Experts say it takes more than luck to find love late in life, or to keep the fires burning well into the senior years. With more Americans living longer, tales of long-term love and late-blooming romances offer lessons to today's Match.com generation.
"They really did grow up in a different social-historical context," said Finnegan Alford-Cooper, an associate professor of sociology and anthropology at Stetson University in Florida who is the author of For Keeps, a study of 576 couples who had been married 50 years or more. "Their values and beliefs about love and marriage were really quite different."
In surveying couples for For Keeps, which came out in 1998, and a subsequent study of 540 other longtime spouses, Alford-Cooper found that nearly all the seniors were adept at putting their mates and families before themselves.
"They grew up with a sense that you had to make it work, you had to hang in through the difficult times; you can't just bail out when things don't go your way," Alford-Cooper said. "They felt that younger people were more selfish and more self-centered than [the seniors] felt they were growing up."
Seniors' perspective on romance helps them not only to stay in relationships but also to find new love - even in the winter of life.
Alexis Abramson, a lifestyles gerontologist for Retirement Living TV, said there are a "growing number of single people who are mature adults." Some struggle with feeling unattractive or with grown children who are not excited about them dating again.
On the other hand, she said, "The conversations and the expectations come easier because you've had a lifetime of experiences that you can draw from."

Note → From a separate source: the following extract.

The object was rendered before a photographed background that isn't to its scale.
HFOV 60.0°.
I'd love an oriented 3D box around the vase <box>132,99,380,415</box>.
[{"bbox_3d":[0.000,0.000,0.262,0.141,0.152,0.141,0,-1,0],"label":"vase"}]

Seniors who have loved long and well find younger generations' angst about love a bit baffling. For three couples interviewed recently at Brighton Gardens, the answer to the burning question - "What's the secret?" - is simple.
"Commitment," said Anne W. Bloom, wife of Samuel Bloom for 62 years. "I don't think the young people know what the word 'commitment' means."
The Blooms retired together to the assisted-living center. She's 81 now; he'll be 87 next month.
Theirs hasn't been a syrupy journey of moonlight walks, roses and sweet nothings. It has been more one of family trips and laughter and straight shooting.
Samuel proposed to her by saying, simply, "Annie, I had a dream last night that I changed your name to mine. Wanna marry me?"
She did.
"He was a red-headed sailor, and I wanted all my kids to be redheads," said Anne. "And he was always very nice. I liked the way he treated my mother. And I liked the way he treated me."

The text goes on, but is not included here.